▸ What you are asked to do
From the records, return each line that has the word "worden" in it.

▸ Data for review
↓↓↓

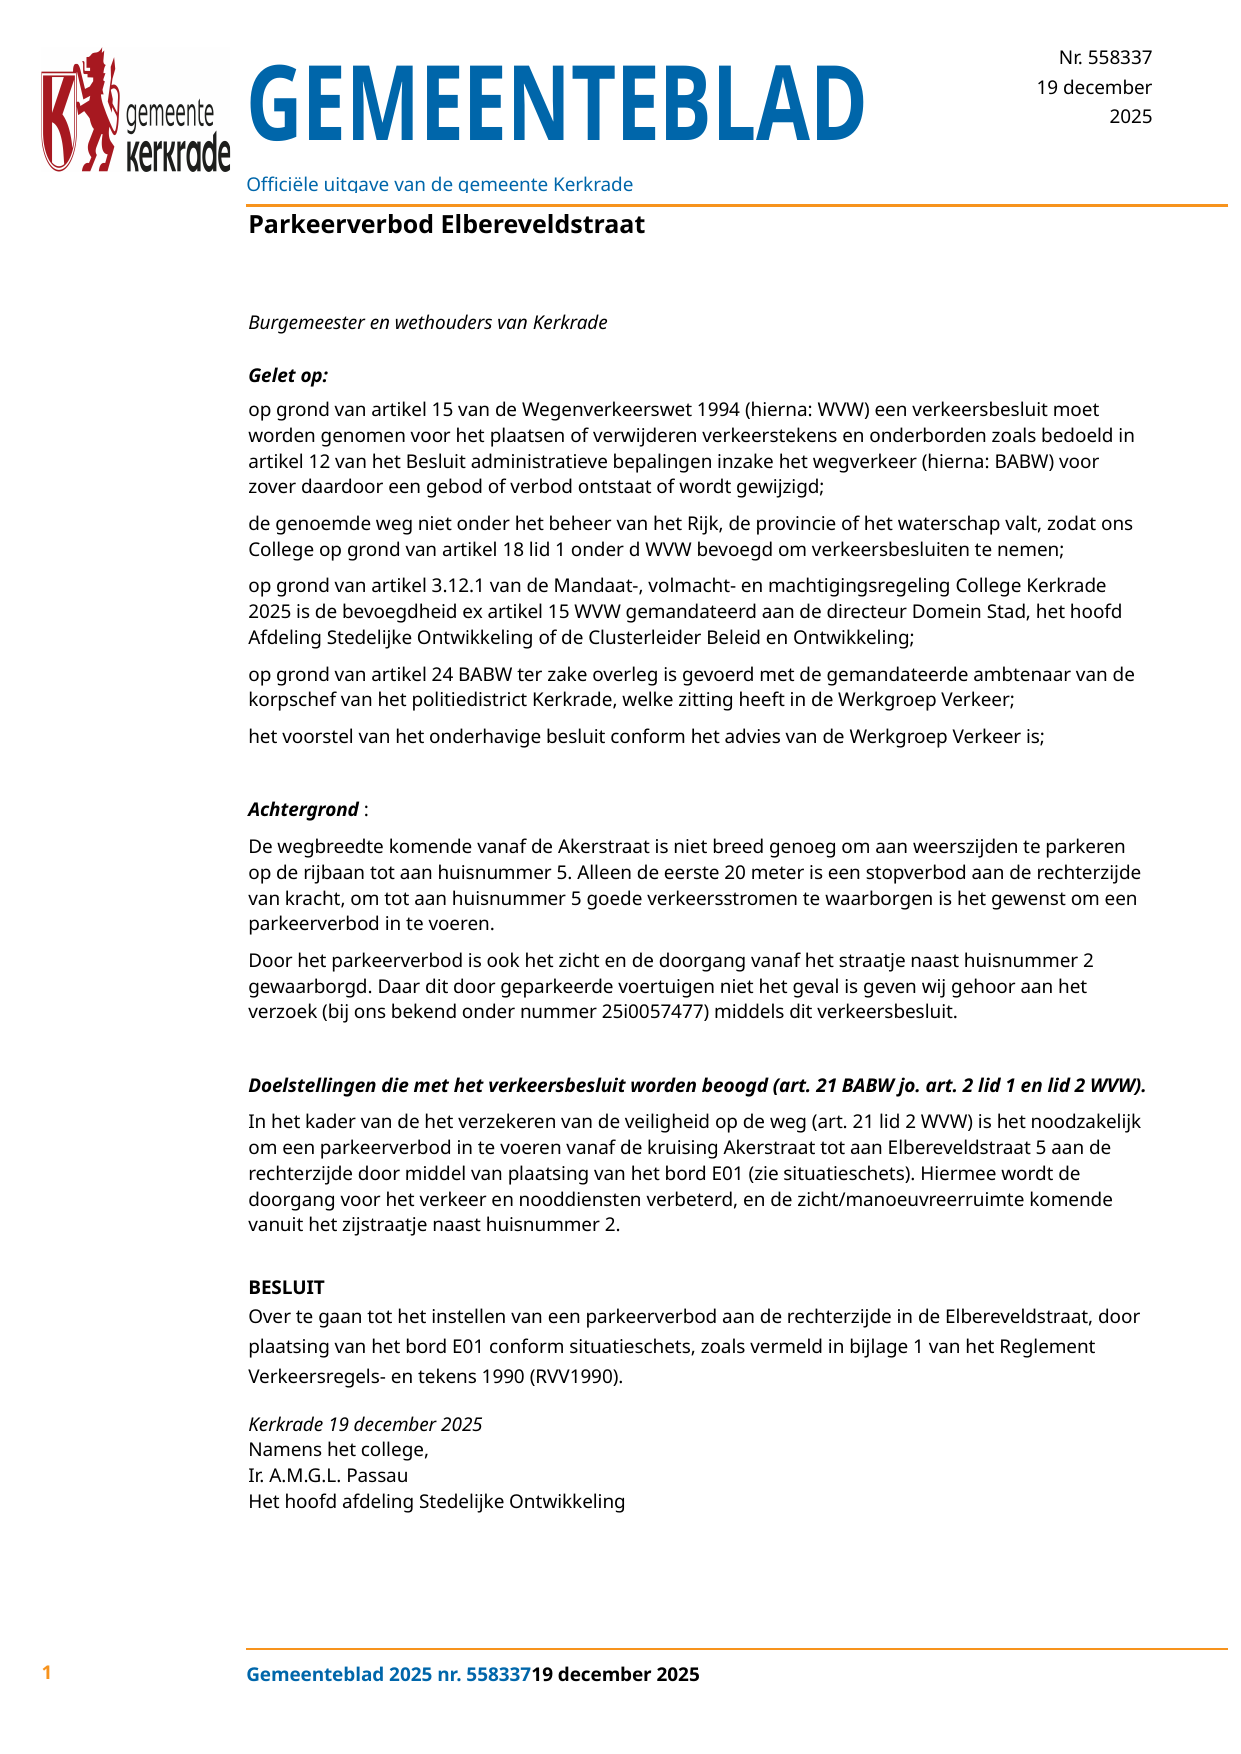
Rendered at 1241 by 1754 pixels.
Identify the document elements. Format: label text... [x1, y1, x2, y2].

picture [41, 47, 231, 172]
text Door het parkeerverbod is ook het zicht en de doorgang vanaf het straatje naast huisnummer 2 gewaarborgd. Daar dit door geparkeerde voertuigen niet het geval is geven wij gehoor aan het verzoek (bij ons bekend onder nummer 25i0057477) middels dit verkeersbesluit. [248, 947, 1152, 1024]
text Doelstellingen die met het verkeersbesluit worden beoogd (art. 21 BABW jo. art. 2 lid 1 en lid 2 WVW). [248, 1072, 1152, 1098]
text de genoemde weg niet onder het beheer van het Rijk, de provincie of het waterschap valt, zodat ons College op grond van artikel 18 lid 1 onder d WVW bevoegd om verkeersbesluiten te nemen; [248, 510, 1152, 562]
text Gelet op: [248, 362, 1152, 388]
text op grond van artikel 15 van de Wegenverkeerswet 1994 (hierna: WVW) een verkeersbesluit moet worden genomen voor het plaatsen of verwijderen verkeerstekens en onderborden zoals bedoeld in artikel 12 van het Besluit administratieve bepalingen inzake het wegverkeer (hierna: BABW) voor zover daardoor een gebod of verbod ontstaat of wordt gewijzigd; [248, 396, 1152, 499]
text Ir. A.M.G.L. Passau [248, 1462, 1152, 1488]
text Achtergrond : [248, 797, 1152, 822]
text Parkeerverbod Elbereveldstraat [248, 207, 1152, 241]
text Kerkrade 19 december 2025 [248, 1411, 1152, 1436]
text het voorstel van het onderhavige besluit conform het advies van de Werkgroep Verkeer is; [248, 723, 1152, 749]
text Over te gaan tot het instellen van een parkeerverbod aan de rechterzijde in de Elbereveldstraat, door plaatsing van het bord E01 conform situatieschets, zoals vermeld in bijlage 1 van het Reglement Verkeersregels- en tekens 1990 (RVV1990). [248, 1304, 1152, 1389]
text op grond van artikel 24 BABW ter zake overleg is gevoerd met de gemandateerde ambtenaar van de korpschef van het politiedistrict Kerkrade, welke zitting heeft in de Werkgroep Verkeer; [248, 661, 1152, 712]
text Burgemeester en wethouders van Kerkrade [248, 309, 1152, 335]
text Het hoofd afdeling Stedelijke Ontwikkeling [248, 1488, 1152, 1514]
text De wegbreedte komende vanaf de Akerstraat is niet breed genoeg om aan weerszijden te parkeren op de rijbaan tot aan huisnummer 5. Alleen de eerste 20 meter is een stopverbod aan de rechterzijde van kracht, om tot aan huisnummer 5 goede verkeersstromen te waarborgen is het gewenst om een parkeerverbod in te voeren. [248, 833, 1152, 936]
text Namens het college, [248, 1436, 1152, 1462]
text In het kader van de het verzekeren van de veiligheid op de weg (art. 21 lid 2 WVW) is het noodzakelijk om een parkeerverbod in te voeren vanaf de kruising Akerstraat tot aan Elbereveldstraat 5 aan de rechterzijde door middel van plaatsing van het bord E01 (zie situatieschets). Hiermee wordt de doorgang voor het verkeer en nooddiensten verbeterd, en de zicht/manoeuvreerruimte komende vanuit het zijstraatje naast huisnummer 2. [248, 1108, 1152, 1237]
text BESLUIT [248, 1274, 1152, 1300]
text op grond van artikel 3.12.1 van de Mandaat-, volmacht- en machtigingsregeling College Kerkrade 2025 is de bevoegdheid ex artikel 15 WVW gemandateerd aan de directeur Domein Stad, het hoofd Afdeling Stedelijke Ontwikkeling of de Clusterleider Beleid en Ontwikkeling; [248, 573, 1152, 650]

↑↑↑

▸ Response to this exercise
text Doelstellingen die met het verkeersbesluit worden beoogd (art. 21 BABW jo. art. 2 lid 1 en lid 2 WVW). [248, 1072, 1152, 1098]
text op grond van artikel 15 van de Wegenverkeerswet 1994 (hierna: WVW) een verkeersbesluit moet worden genomen voor het plaatsen of verwijderen verkeerstekens en onderborden zoals bedoeld in artikel 12 van het Besluit administratieve bepalingen inzake het wegverkeer (hierna: BABW) voor zover daardoor een gebod of verbod ontstaat of wordt gewijzigd; [248, 396, 1152, 499]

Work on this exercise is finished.